What were they made of? Speculation ran wild in all the best art journals, but the only thing that everyone agreed on was that there had to be at least some phosphorous or magnesium in there to create the characteristic brilliant burn. But even this was guesswork, since they were built in deep space by robot workers in a secret location.

The block he was lowering, a blue cube, was placed at the mouth of a river. We switched our attention from the monitor that showed the view from orbit, to the live feeds from the cameras embedded in the surface of the cube itself. These were showing the descent of the cube onto flat terrain that seemed to be peppered with small rectangular irregularities.

On closer inspection, the irregularities resolved themselves into primitive dwellings, small houses suitable for four or five sentients with some larger edifices sprinkled among them. The buildings were interconnected by a perpendicular grid of roads, packed by some sort of archaic land vehicle, nearly immobile due to the density of the traffic.

I wasn’t worried by the irregular terrain chosen. Long experience had taught us that the cube was heavy enough to create a flat area beneath it–or at least flat enough that the cube’s actuation would not be affected by strange angles.

So we were free to rejoice.
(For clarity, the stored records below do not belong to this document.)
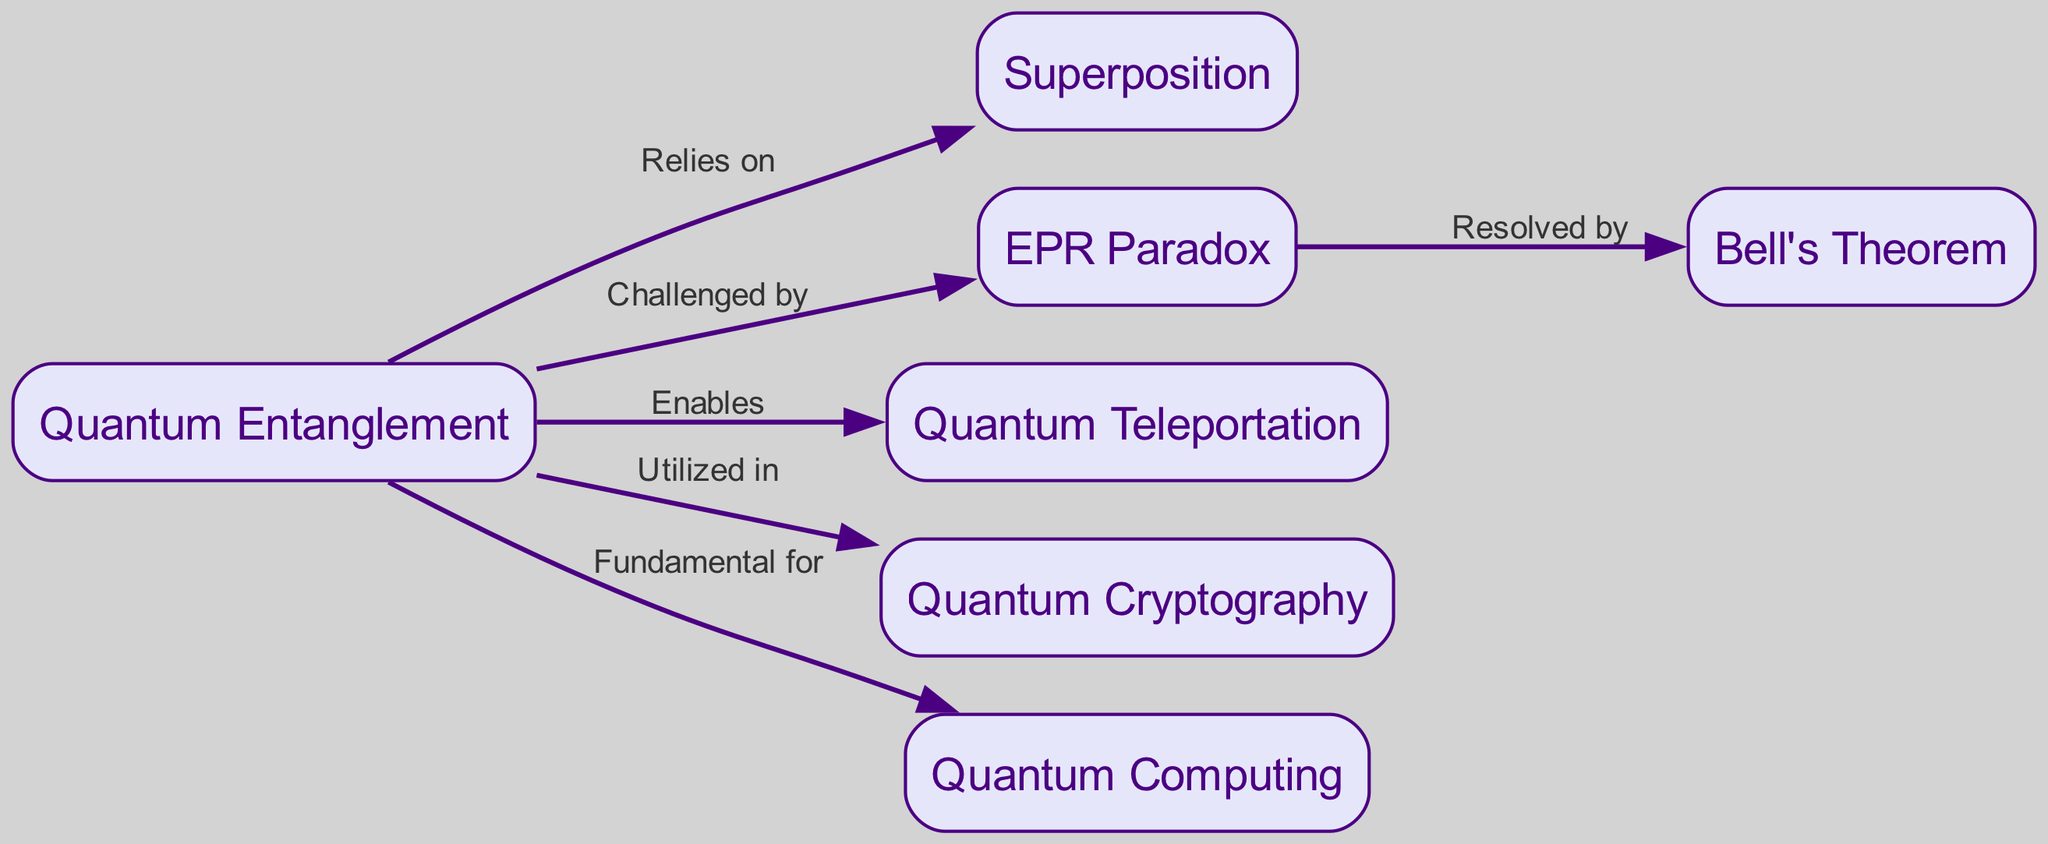What is the total number of nodes in the diagram? The diagram lists the following nodes: Quantum Entanglement, Superposition, EPR Paradox, Quantum Teleportation, Quantum Cryptography, Bell's Theorem, and Quantum Computing. Counting these gives a total of seven nodes.
Answer: 7 Which concept directly challenges quantum entanglement? The edge labeled "Challenged by" points directly to the node EPR Paradox, indicating that it is the concept that directly challenges quantum entanglement.
Answer: EPR Paradox How many edges originate from the quantum entanglement node? The quantum entanglement node has five outgoing edges connecting it to Superposition, EPR Paradox, Quantum Teleportation, Quantum Cryptography, and Quantum Computing. Therefore, the count of edges originating from this node is five.
Answer: 5 What is resolved by Bell's Theorem? The diagram states that the EPR Paradox is "Resolved by" Bell's Theorem, indicating that Bell’s Theorem addresses or resolves the issues raised by the EPR Paradox.
Answer: EPR Paradox What relationship does quantum entanglement have with quantum computing? The arrow labeled "Fundamental for" connects quantum entanglement to quantum computing, signifying that quantum entanglement is a foundational aspect of quantum computing.
Answer: Fundamental for Which concept is utilized in quantum cryptography? The diagram indicates that quantum entanglement is "Utilized in" quantum cryptography, showing the dependency or application of quantum entanglement within quantum cryptographic techniques.
Answer: Quantum Entanglement What does quantum teleportation enable? The edge labeled "Enables" leads from quantum entanglement to quantum teleportation, indicating that quantum entanglement is necessary for achieving quantum teleportation processes.
Answer: Quantum Teleportation How does the EPR Paradox relate to Bell's Theorem? The edge connecting EPR Paradox to Bell's Theorem is labeled "Resolved by," indicating that Bell's Theorem provides a resolution or explanation of the EPR Paradox's concerns regarding quantum mechanics.
Answer: Resolved by

This would be a singular occasion. Ternse himself had often been quoted as saying that a plentiful biosphere was one of the main ingredients necessary to create rich color and a slow, majestic unrolling. And everyone knew that biospheres that supported intelligent life were often the richest around.

I felt a twinge of envy for the sentients on the ground. They were going to participate in one of the greatest spectacles in galactic history. They were in for quite a show.
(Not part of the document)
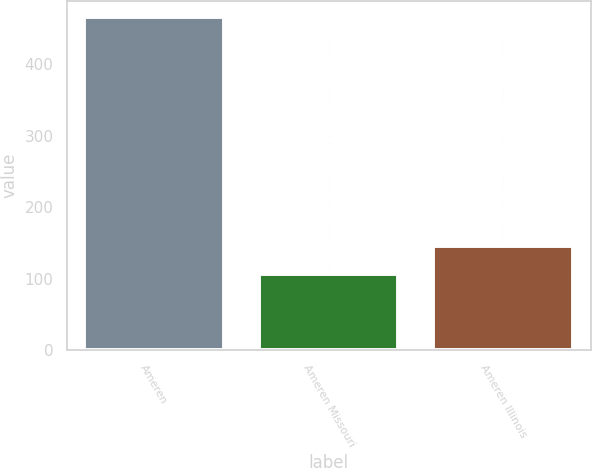Convert chart. <chart><loc_0><loc_0><loc_500><loc_500><bar_chart><fcel>Ameren<fcel>Ameren Missouri<fcel>Ameren Illinois<nl><fcel>466<fcel>107<fcel>146<nl></chart> 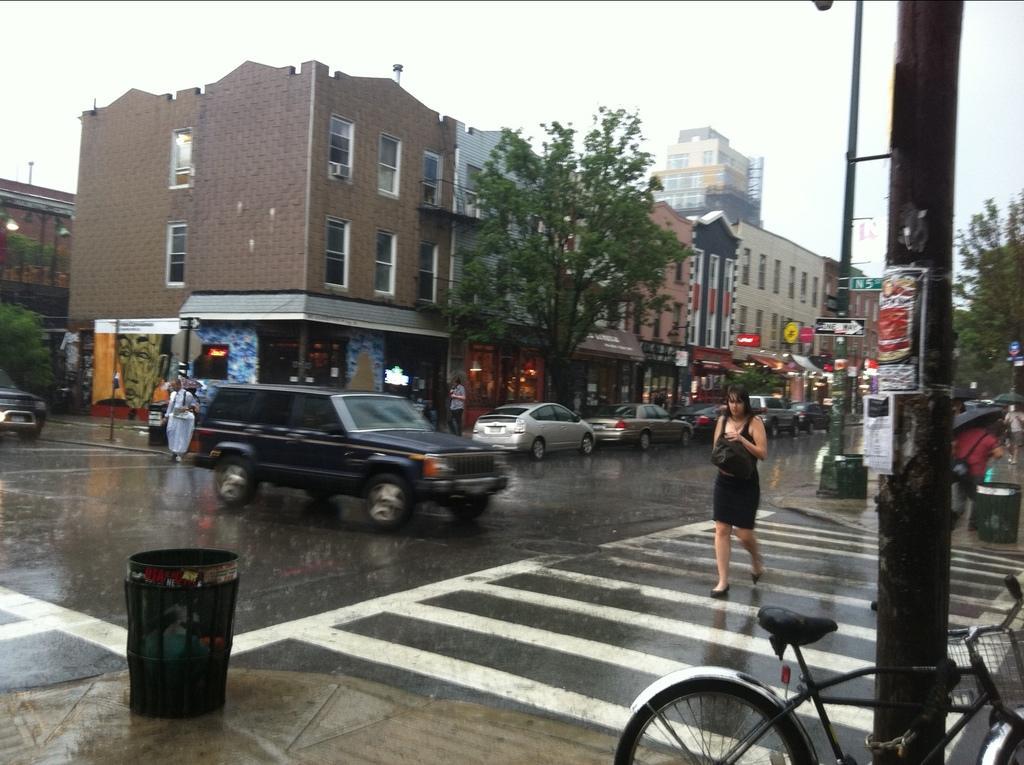Can you describe this image briefly? This image is clicked on the road. There is a woman walking on the zebra crossing. There are vehicles moving on the road. Beside the road there are walkways. There are dustbins, poles, sign board poles, cycles and a few people walking on the walkway. In the background there are buildings. There are boards with text on the walls of the building. In front of the buildings there are trees. At the top there is the sky. It is raining in the image.

But then, even at this distance, so were we. The cube we’d been watching had been the last. Ternse was ready to begin.

Without a word, he dimmed the lights of the bridge and began the performance, tentacles working so fast as to be nearly invisible. But we had little interest in the movement of his arms–the true wonder would be visible through the enormous front viewscreen.

The white poles of the blue-green planet in front of us began, slowly, to glow red. Ternse’s tentacles moved subtly and the equatorial band became a bright, nearly electric blue. Suddenly, dazzling copperish-yellow bands seemed to sprout from the entire surface of the planet as yet more of the mysterious chemicals in the cubes reacted with the oxygen in the atmosphere. Mushrooms of infrared clouds, delightfully vivid, danced through it all.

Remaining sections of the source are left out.